▶ _WORK ITEM_: Your answer must consist of exactly the lines below, starting with the line with "Do the same for the bread (331,0,639,479)." and going on through the line with "Order: by centre depth, near to far.", and nothing else.

Dataset items
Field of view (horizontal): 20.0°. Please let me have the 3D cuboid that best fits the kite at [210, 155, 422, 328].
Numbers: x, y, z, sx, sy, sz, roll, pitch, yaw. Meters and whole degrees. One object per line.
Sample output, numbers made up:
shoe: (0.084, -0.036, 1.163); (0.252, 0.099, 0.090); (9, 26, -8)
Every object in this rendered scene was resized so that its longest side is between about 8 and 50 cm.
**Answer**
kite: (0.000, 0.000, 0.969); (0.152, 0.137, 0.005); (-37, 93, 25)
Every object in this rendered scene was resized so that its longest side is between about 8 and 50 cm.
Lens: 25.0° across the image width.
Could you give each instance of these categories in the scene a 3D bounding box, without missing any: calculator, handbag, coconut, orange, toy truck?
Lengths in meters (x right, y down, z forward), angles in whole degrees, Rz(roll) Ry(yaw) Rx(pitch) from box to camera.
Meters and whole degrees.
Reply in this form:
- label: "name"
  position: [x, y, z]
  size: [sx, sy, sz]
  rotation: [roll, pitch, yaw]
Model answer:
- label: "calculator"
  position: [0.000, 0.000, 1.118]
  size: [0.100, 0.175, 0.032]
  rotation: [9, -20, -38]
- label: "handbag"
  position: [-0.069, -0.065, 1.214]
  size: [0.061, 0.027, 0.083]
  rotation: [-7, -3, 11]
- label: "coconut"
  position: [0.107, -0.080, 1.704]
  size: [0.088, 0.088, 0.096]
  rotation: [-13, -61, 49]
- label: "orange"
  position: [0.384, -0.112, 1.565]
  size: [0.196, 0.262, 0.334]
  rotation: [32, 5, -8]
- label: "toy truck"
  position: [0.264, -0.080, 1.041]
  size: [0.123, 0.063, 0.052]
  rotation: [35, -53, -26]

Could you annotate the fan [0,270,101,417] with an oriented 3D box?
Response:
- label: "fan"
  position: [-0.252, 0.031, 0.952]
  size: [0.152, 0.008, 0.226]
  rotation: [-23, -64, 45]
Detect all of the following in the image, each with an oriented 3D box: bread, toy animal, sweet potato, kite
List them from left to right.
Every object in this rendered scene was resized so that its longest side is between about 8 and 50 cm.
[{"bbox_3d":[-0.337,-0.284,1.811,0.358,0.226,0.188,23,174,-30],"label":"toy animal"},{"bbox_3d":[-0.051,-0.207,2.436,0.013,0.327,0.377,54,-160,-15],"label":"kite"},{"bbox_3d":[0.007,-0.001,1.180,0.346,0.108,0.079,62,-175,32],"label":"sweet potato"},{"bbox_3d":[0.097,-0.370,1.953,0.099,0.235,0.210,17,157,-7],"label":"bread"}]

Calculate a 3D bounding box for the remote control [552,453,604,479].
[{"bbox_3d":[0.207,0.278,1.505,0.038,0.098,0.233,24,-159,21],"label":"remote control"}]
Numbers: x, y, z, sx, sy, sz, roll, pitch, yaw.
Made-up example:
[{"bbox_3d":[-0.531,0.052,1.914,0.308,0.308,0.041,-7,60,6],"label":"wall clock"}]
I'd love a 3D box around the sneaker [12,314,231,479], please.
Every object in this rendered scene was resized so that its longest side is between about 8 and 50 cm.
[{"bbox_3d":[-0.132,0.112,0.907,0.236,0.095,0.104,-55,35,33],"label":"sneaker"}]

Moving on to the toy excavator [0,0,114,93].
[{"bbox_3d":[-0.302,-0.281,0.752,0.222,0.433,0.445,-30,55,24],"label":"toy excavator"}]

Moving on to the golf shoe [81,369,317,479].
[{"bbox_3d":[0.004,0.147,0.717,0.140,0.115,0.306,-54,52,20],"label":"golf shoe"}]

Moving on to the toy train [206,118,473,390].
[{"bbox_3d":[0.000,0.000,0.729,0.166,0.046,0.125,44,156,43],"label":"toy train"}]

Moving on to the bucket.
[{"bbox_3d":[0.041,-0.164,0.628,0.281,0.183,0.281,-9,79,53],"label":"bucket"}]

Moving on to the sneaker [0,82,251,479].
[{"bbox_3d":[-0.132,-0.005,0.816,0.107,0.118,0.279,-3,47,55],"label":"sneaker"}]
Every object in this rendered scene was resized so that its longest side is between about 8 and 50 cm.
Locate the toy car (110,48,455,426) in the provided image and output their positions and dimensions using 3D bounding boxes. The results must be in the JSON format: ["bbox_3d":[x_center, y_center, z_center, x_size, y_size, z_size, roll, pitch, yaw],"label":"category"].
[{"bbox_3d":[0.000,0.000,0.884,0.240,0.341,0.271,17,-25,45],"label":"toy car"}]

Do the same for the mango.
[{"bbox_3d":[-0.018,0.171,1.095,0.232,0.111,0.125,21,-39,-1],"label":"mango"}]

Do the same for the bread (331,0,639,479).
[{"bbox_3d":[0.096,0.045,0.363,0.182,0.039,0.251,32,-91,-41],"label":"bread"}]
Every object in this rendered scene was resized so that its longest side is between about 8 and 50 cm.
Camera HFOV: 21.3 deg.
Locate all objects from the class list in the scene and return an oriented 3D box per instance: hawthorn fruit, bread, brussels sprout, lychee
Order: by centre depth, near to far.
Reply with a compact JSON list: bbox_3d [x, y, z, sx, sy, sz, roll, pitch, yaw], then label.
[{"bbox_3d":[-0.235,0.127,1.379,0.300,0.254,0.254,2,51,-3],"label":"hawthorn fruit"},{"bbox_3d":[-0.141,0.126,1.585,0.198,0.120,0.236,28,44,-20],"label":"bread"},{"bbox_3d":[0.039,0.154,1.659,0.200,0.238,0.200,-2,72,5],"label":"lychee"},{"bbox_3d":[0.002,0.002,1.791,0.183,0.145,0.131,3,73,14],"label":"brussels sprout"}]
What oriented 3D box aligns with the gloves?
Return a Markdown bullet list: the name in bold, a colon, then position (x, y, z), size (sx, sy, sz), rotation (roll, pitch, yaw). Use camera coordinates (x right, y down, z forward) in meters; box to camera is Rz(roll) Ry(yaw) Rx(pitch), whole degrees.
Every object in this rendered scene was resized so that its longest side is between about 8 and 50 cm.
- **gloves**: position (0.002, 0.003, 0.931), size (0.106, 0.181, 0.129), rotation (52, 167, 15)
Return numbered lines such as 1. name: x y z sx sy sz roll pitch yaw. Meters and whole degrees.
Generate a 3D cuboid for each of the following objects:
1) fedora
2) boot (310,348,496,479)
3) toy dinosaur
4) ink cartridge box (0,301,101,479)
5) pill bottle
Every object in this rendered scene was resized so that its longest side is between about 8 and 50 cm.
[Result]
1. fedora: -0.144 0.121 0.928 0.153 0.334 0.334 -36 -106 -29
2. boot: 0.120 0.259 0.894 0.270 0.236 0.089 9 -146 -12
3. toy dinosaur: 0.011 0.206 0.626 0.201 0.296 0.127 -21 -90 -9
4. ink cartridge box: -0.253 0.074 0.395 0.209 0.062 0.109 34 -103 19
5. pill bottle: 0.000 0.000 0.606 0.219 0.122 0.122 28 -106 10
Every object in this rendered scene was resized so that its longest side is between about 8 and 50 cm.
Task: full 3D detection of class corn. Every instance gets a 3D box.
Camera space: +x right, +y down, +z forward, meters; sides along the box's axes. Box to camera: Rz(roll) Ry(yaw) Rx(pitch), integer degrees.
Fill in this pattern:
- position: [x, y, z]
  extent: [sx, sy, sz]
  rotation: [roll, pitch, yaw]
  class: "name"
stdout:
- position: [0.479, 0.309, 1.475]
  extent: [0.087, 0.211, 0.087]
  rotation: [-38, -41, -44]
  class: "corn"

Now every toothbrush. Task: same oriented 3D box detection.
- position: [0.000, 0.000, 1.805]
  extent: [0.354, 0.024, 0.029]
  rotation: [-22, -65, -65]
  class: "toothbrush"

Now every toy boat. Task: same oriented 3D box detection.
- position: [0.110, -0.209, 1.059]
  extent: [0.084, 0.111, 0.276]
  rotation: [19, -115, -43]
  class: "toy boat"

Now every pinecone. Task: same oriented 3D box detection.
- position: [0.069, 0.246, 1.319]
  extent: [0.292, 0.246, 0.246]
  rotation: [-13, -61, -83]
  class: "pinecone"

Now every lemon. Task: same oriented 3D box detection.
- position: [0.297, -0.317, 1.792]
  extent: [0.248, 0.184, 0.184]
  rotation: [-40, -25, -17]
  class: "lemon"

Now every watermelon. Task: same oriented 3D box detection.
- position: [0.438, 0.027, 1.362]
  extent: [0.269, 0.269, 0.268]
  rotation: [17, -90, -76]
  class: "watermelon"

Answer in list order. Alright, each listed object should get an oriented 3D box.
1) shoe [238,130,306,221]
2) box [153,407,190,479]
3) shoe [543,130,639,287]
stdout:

▶ _EXERCISE ANSWER_:
Do the same for the bread (331,0,639,479).
[{"bbox_3d":[0.096,0.045,0.363,0.182,0.039,0.251,32,-91,-41],"label":"bread"}]
Every object in this rendered scene was resized so that its longest side is between about 8 and 50 cm.
Camera HFOV: 21.3 deg.
Locate all objects from the class list in the scene and return an oriented 3D box per instance: hawthorn fruit, bread, brussels sprout, lychee
Order: by centre depth, near to far.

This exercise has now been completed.